I got an answer of $0$, by doing:
But the answer key concludes that the answer is $1$:
To compute $\int_{C} \mathbf{F} \cdot d \mathbf{r}$ we break the curve into two pieces, then add the line integrals along each piece. First, fix $y=0$ (so $d y=0$ ) and let $x$ range from 0 to 1 . $$ \int_{x=0}^{x=1} \mathbf{F} \cdot d \mathbf{r}=\int_{x=0}^{x=1}-y d x+x d y=\int_{0}^{1} 0 d x=0 $$ Next, fix $x=1$ (so $d x=0$ ) and let $y$ range from 0 to 1: $$ \int_{y=0}^{y=1} \mathbf{F} \cdot d \mathbf{r}=\int_{y=0}^{y=1}-y d x+1 d y=1 $$ We conclude that $\int_{C} \mathbf{F} \cdot d \mathbf{r}=1$
I understand the solution from the answer key, but I don't get why my solution doesn't work. Please assist.
Your error is in the second integral. Along the path from $(0, 0)$ to $(1, 0)$ we can take as parameterization $x= t$ (from $0$ to $1$), $y= 0$ for all $t$. So $F(x,y)= \langle-y, x\rangle= \langle 0,t \rangle$ and the vector differential is $\langle dt, 0 \rangle$ so the integral is $$\int_0^1 \langle 0, t \rangle \cdot \langle dt, 0 \rangle = \int_0^t 0= 0$$ That is what you correctly have.

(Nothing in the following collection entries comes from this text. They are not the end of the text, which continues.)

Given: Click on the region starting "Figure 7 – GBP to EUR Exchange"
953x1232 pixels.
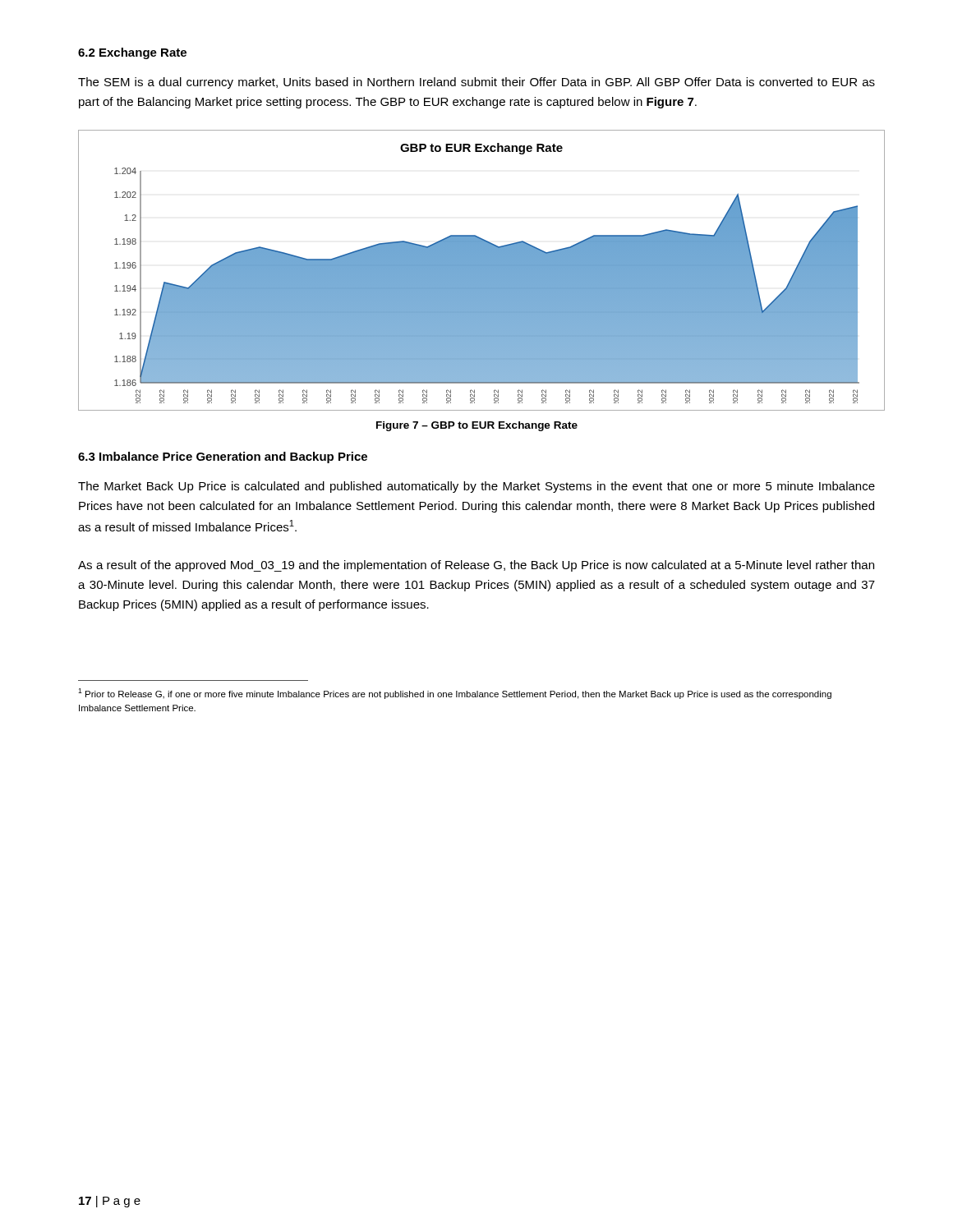Looking at the screenshot, I should pyautogui.click(x=476, y=425).
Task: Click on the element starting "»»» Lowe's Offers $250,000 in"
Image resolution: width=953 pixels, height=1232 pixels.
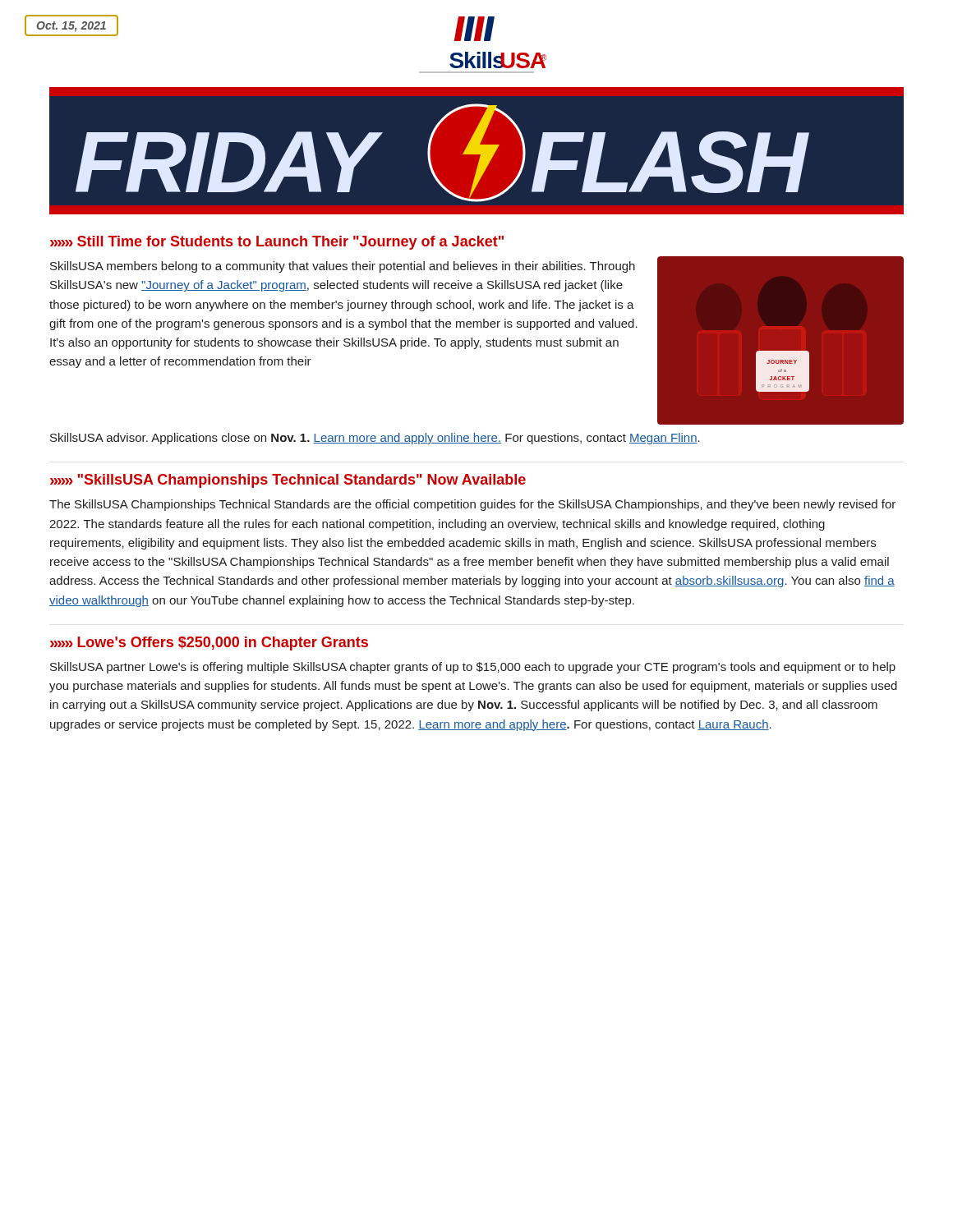Action: pos(209,642)
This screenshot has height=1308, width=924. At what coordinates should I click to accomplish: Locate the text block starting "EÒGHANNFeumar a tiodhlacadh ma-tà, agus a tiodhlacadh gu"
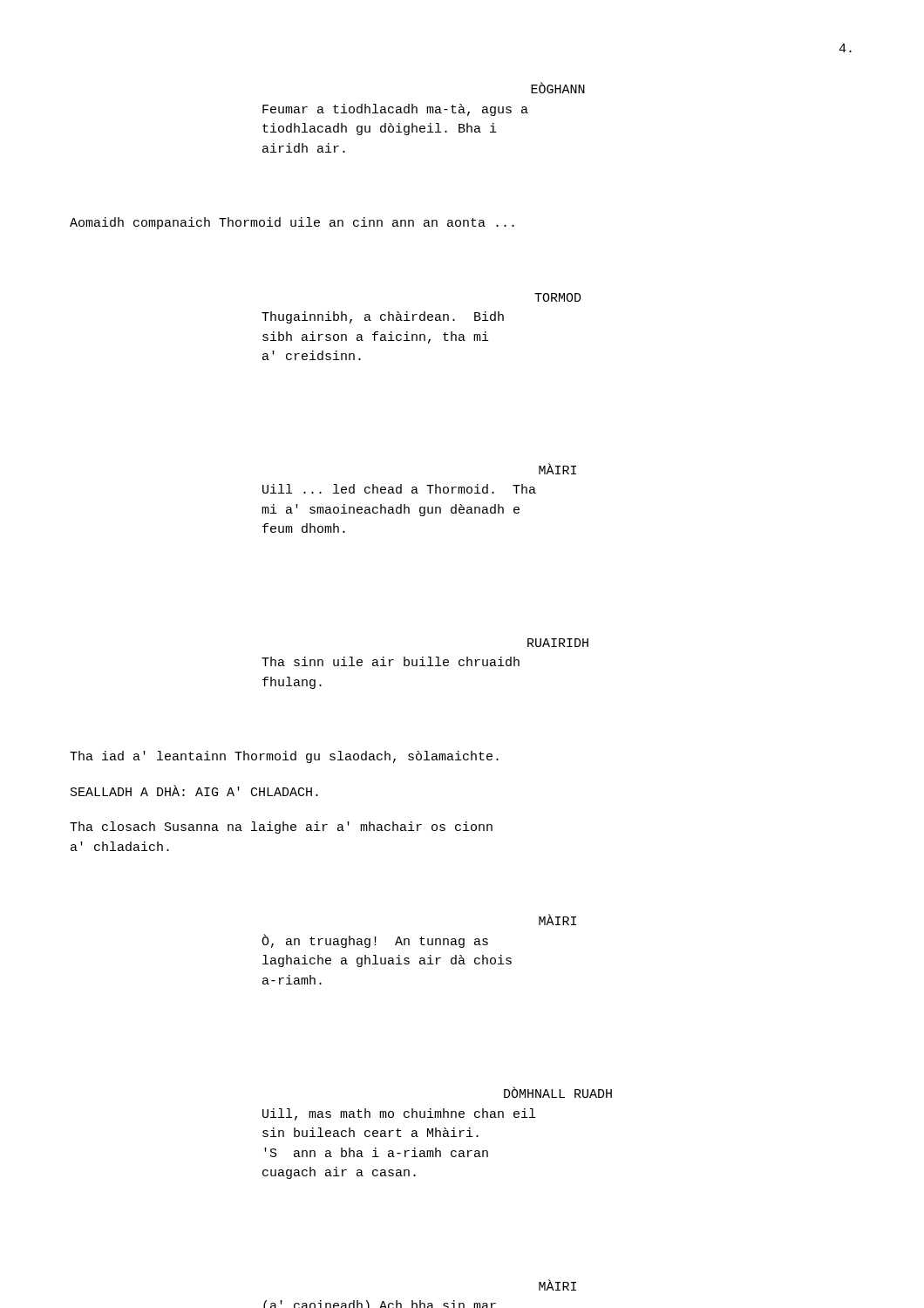462,129
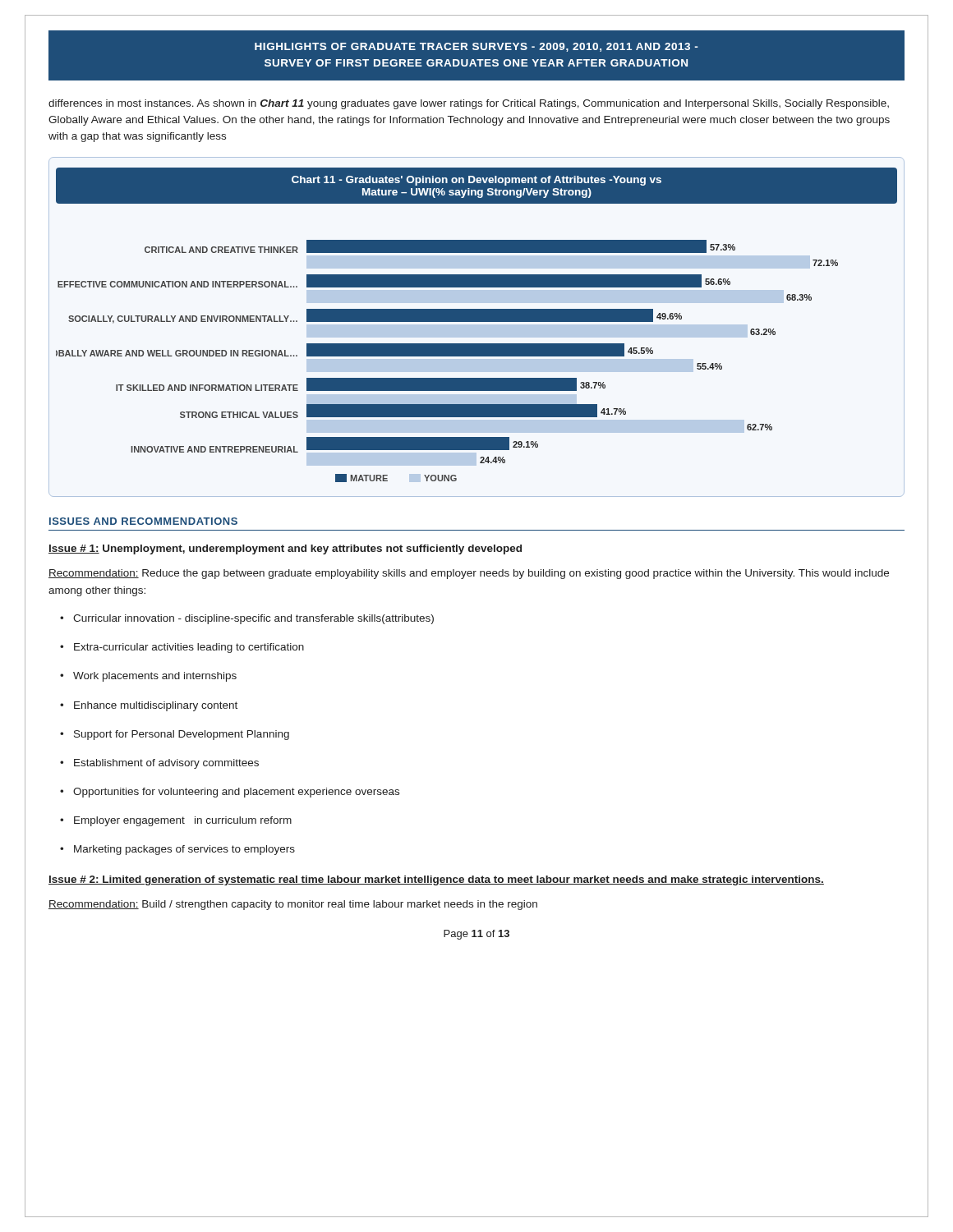
Task: Click on the list item that says "Enhance multidisciplinary content"
Action: click(156, 706)
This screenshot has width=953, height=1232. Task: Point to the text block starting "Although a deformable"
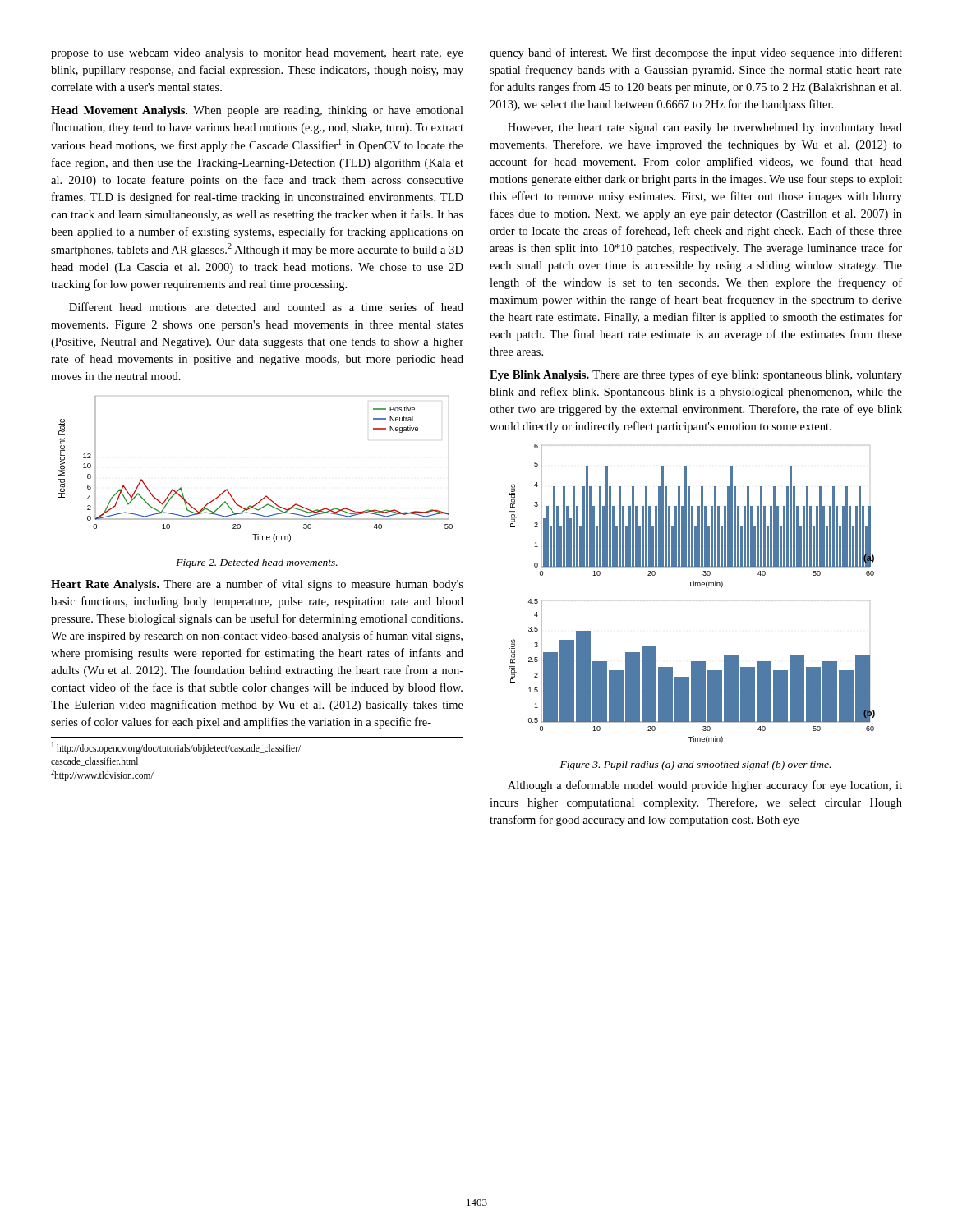pos(696,803)
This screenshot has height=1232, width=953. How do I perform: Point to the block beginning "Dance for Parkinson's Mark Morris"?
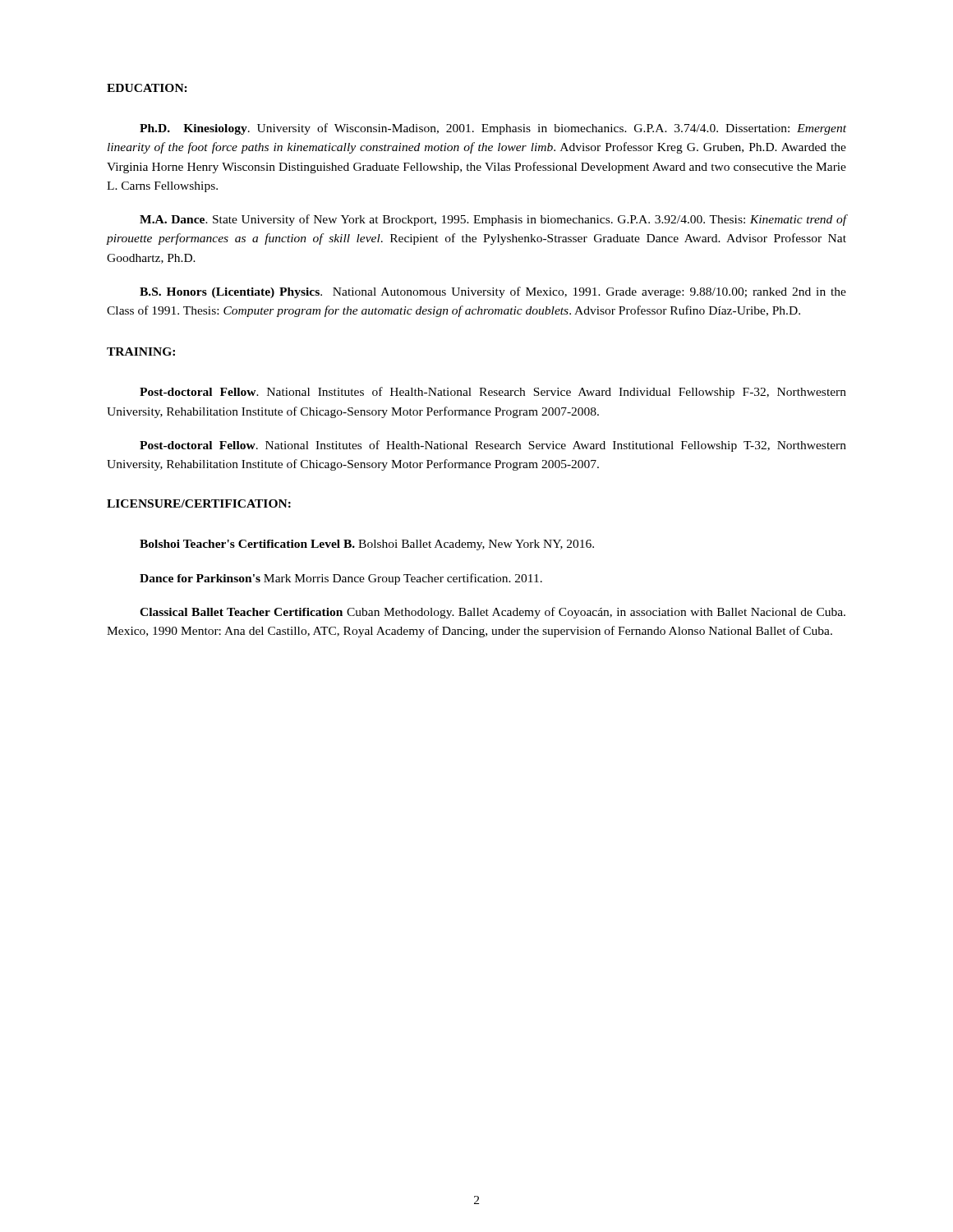(341, 577)
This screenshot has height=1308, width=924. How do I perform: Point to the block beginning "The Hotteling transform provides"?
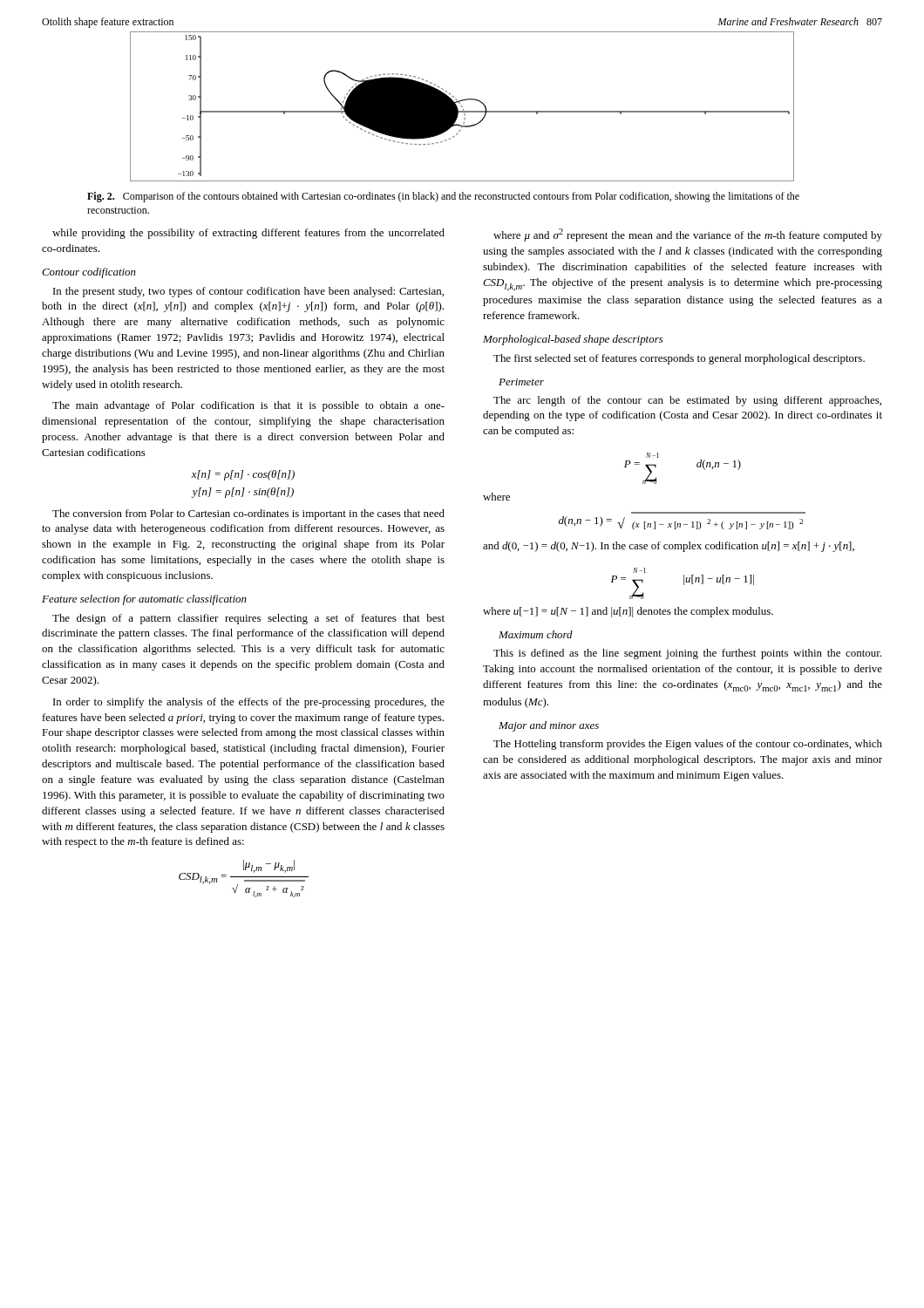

Along the path from $(1, 0)$ to $(1, 1)$ we can take as parameterization $x= 1$ for all $t$, $y= t$ (from $0$ to $1$). So $F(x,y)= \langle -y, x \rangle= \langle -t, 1 \rangle$ (not $\langle-t, 0 \rangle $ because $x= 1$) and the vector differential is $\langle 0, dy \rangle$ so the integral is $$\int_0^1 \langle -t, 1 \rangle \cdot \langle 0, dy \rangle = \int_0^1 dy= 1$$
So the complete integral is 1. Again, your error is that on the second line, from $(1, 0)$ to $(1, 1)$ as $x$ is always $1$, not $0$.